Кушать подано! Репертуар кушаний и напитков в русской классической драматургии - страница 4
Дело в том, что многие традиционные, классические для русской национальной кухни продукты, само наименование которых не только всегда попадало в художественную литературу, в драматургические произведения, но и вызывало неизменную ассоциацию в сознании и читателей и зрителей с самим понятием «русская кухня», стали превращаться в редкие, деликатесные, а затем в изысканные и редчайшие, вызывающие ассоциацию даже не с «русским духом, а с… чем-то иностранным, валютным (?!), особенно у новых, молодых поколений. В это число попали речная рыба, вроде судака или сига, вся красная соленая, копченая и вяленая рыба (осетрина, севрюга, семга, кета), а также залом, шемая, омуль, не раз отмечаемые классиками; и, разумеется, в число экзотических попали такие исконные русские продукты, как икра (зернистая, паюсная и кетовая), а вслед за ними и такие в прошлом совершенно крестьянские дешевые продукты, как белые сушеные грибы, соленые рыжики и грузди, моченые антоновские яблоки, клюква, брусника, земляничное варенье, квашеная морошка, жаренные в сметане рябчики (по 25 коп. пара!), бекасы, вальдшнепы, куропатки, перепелки и иная пернатая дичь; не говоря уже о таких исконно русских и примитивнейших блюдах, как бараний бок и жареный поросенок, подовые пироги с говядиной, луком, грибами и яйцами, расстегаи с вязигой, холодная отварная телятина с хреном, стала даже недосягаемой обычная, приправленная лишь сливочным маслом гречневая каша и квашеная капуста по-русски – с антоновскими яблоками и клюквой.
Короче говоря, нормальный и, в сущности, недорогой национальный русский стол стал во второй половине XX века превращаться из обычного, простецкого в недосягаемо-фантастический, экзотический и почти что мифический или если и реальный, то связанный с доступом к иностранной валюте и магазинам для иностранцев.
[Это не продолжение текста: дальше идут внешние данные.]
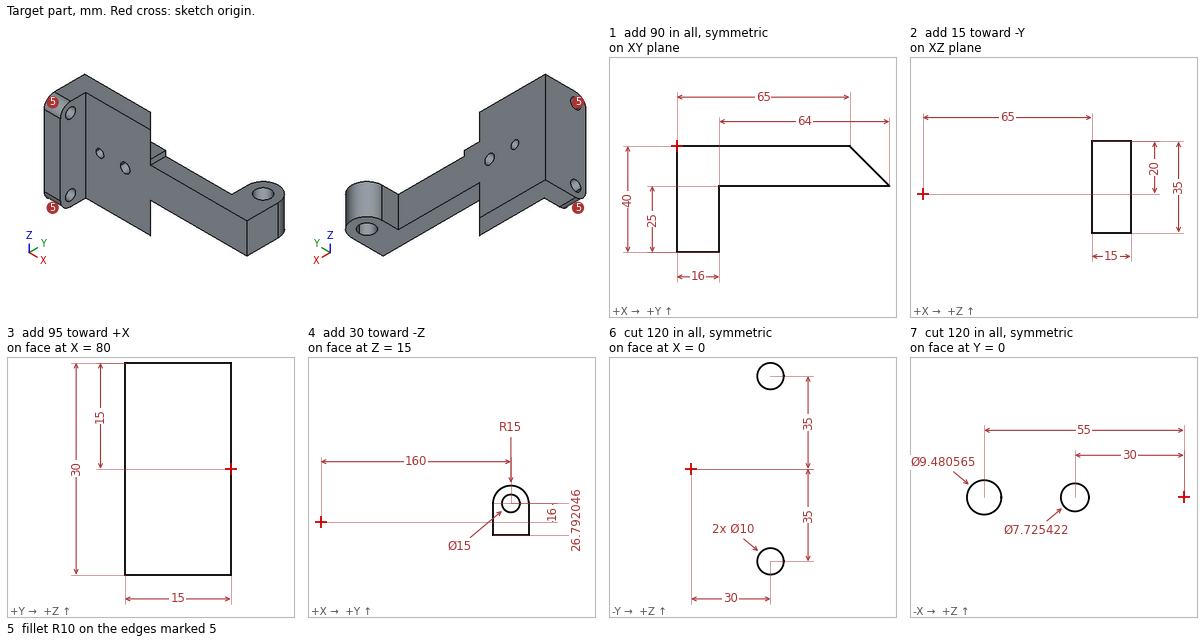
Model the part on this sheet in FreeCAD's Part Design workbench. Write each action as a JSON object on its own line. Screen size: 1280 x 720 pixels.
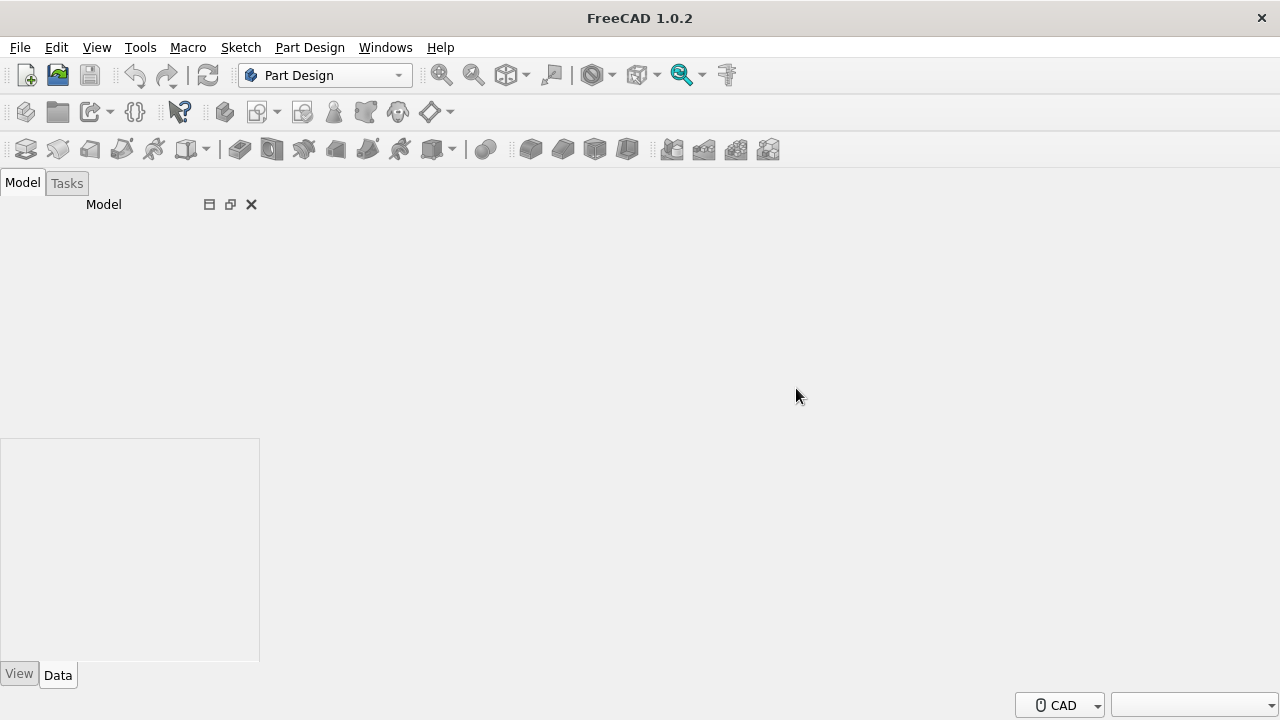
{"action": "left_click", "coordinate": [26, 76]}

Ясное дело, что при таких изменениях, при таких сильных сдвигах в понятии «русский национальный стол» у нового зрителя, у новой публики, смотрящей классические пьесы XIX века, не могло возникнуть правильных, адекватных ассоциаций о составе того застолья, которое происходило на сцене.
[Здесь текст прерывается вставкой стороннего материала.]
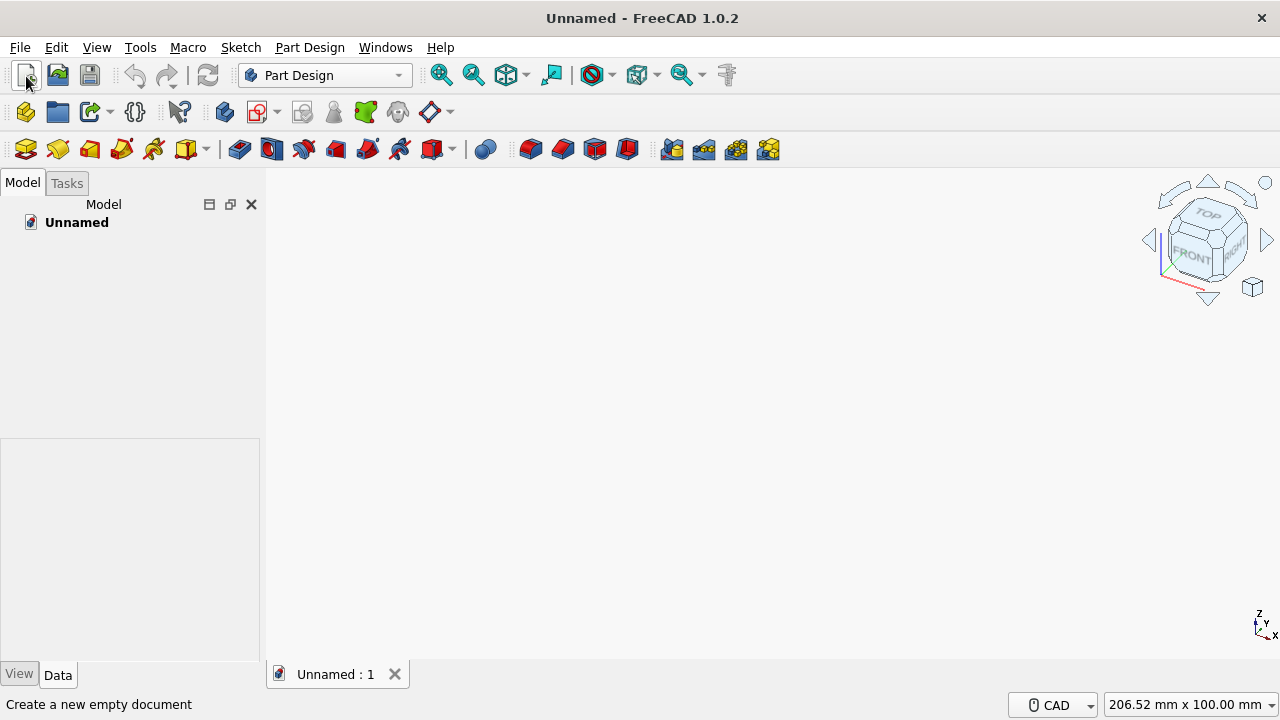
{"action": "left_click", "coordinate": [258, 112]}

О нем новые поколения не только забыли, но они его просто-напросто не знают, не представляют и даже не знакомы с ним терминологически – по названиям снедей и блюд.
Ибо далеко не всякий современный русский человек знаком с этнографией своего собственного народа. Он этого, как говорится, «не проходил».
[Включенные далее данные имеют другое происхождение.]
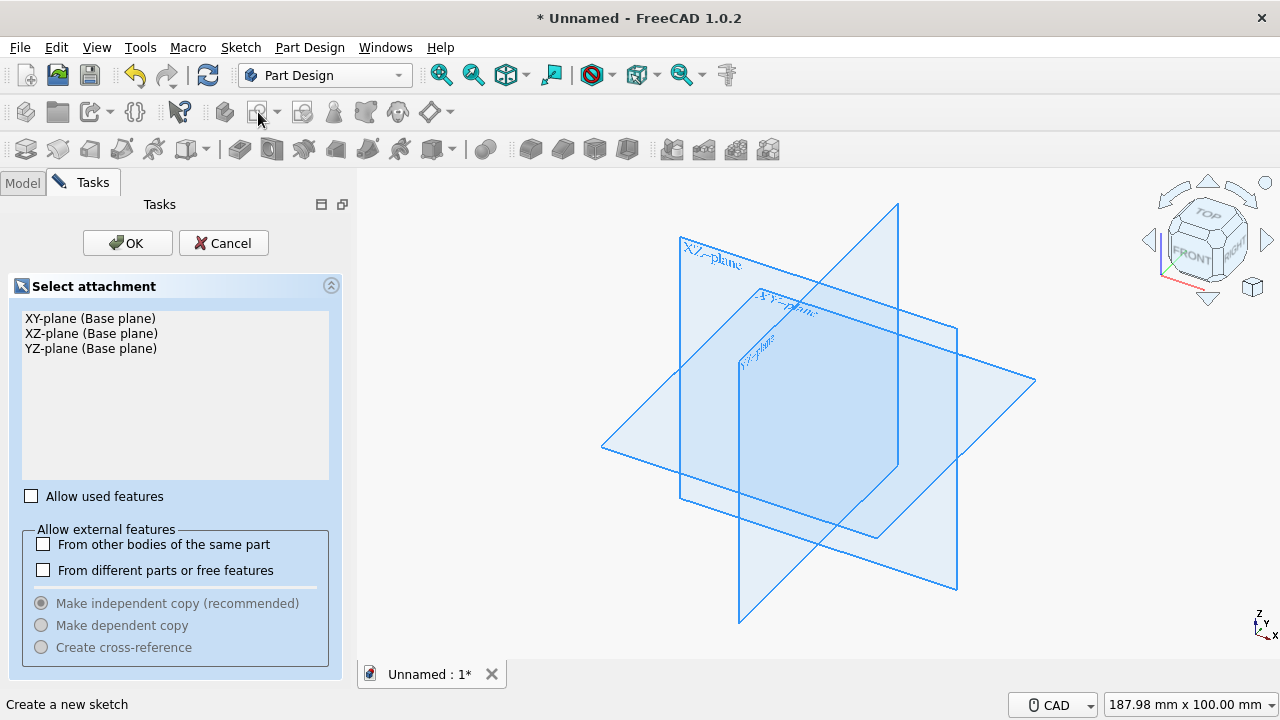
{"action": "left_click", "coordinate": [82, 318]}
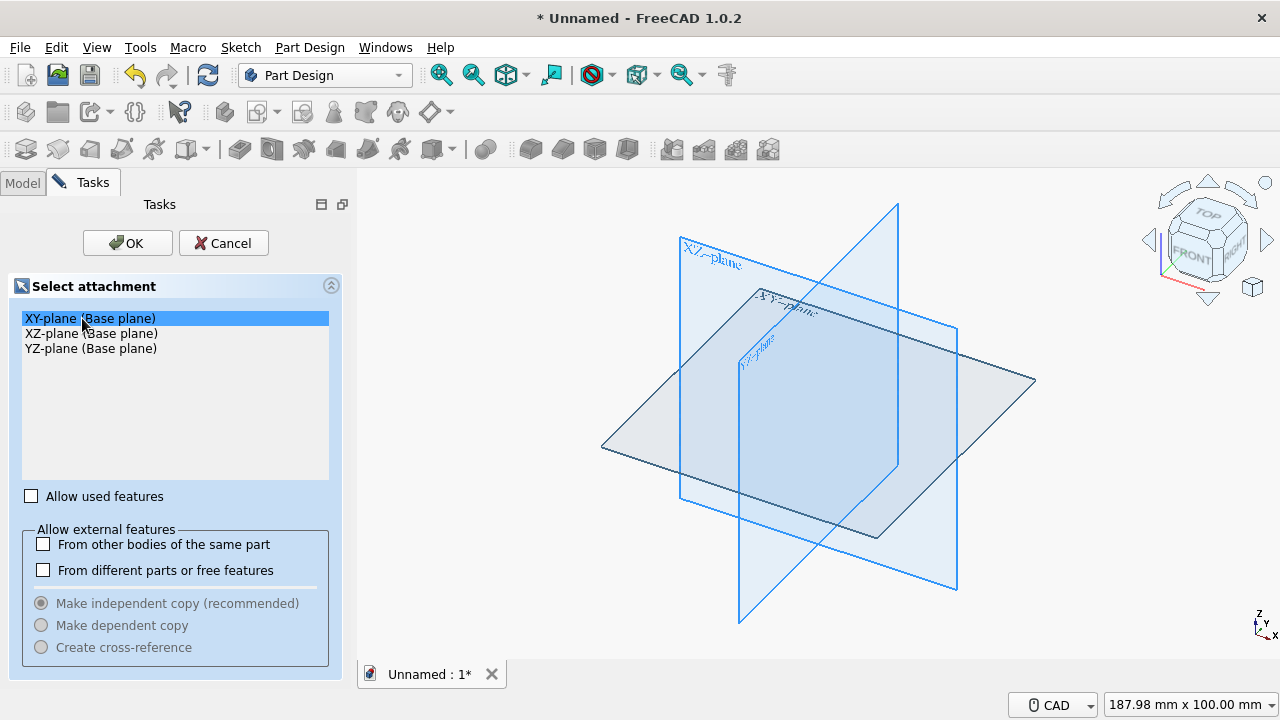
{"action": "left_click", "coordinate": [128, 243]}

Однако когда современный зритель следит за действием пьесы, по ходу которой царские сановники, аристократы или купцы справляют юбилей, присутствуют на банкете или на свадьбе, то у него невольно возникает вопрос: а что же такое они там едят, на сцене, пусть даже условно.
Ведь не могла же быть в 1873 году «останкинская» или «молодежная» колбаса и вряд ли это были сырки, котлеты или пончики, как в какой-нибудь современной забегаловке. Но если едят не их, то что же? Вопрос этот из чисто абстрактного, праздного, риторического имеет тенденцию все более и более превращаться в… познавательный, в попытки молодого поколения театралов все-таки разобраться во всем, что забыто или непонятно из области национальной, материальной культуры.
Таким образом, существенное изменение исторических условий, коренная смена кулинарных традиций, бытовавших в стране, их полный фактический разрыв с бытующими ныне и являются той первопричиной, по которой возникает естественный интерес к кулинарному антуражу в русской классической драматургии.